Work instruction
Transcribe the line holding "Meters and whole" together with every line after it, through the end of the records, exactly and with no pictures.

The data
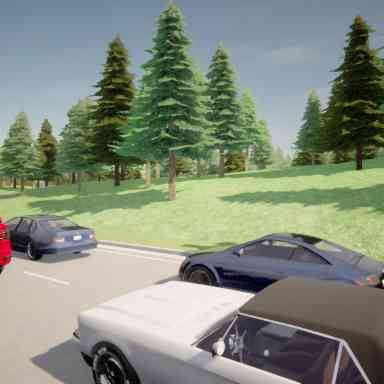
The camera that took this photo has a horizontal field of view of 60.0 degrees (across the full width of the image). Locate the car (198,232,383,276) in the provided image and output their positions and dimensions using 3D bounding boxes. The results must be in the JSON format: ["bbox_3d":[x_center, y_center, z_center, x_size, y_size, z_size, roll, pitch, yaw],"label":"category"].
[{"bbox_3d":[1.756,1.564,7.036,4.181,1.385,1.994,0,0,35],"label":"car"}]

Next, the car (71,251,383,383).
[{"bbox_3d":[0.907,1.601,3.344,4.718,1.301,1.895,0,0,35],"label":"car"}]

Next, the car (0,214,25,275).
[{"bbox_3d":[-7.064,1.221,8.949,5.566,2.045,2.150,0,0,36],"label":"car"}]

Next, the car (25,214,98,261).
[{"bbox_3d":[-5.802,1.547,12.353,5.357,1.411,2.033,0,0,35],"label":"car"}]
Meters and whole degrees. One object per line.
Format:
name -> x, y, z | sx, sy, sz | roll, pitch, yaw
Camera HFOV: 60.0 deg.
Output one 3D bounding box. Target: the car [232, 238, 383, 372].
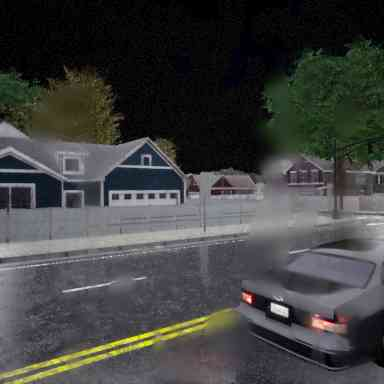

Result of this exercise
Meters and whole degrees. One object per line.
Format:
name -> x, y, z | sx, sy, sz | roll, pitch, yaw
Camera HFOV: 60.0 deg.
Output one 3D bounding box. Target: the car [232, 238, 383, 372].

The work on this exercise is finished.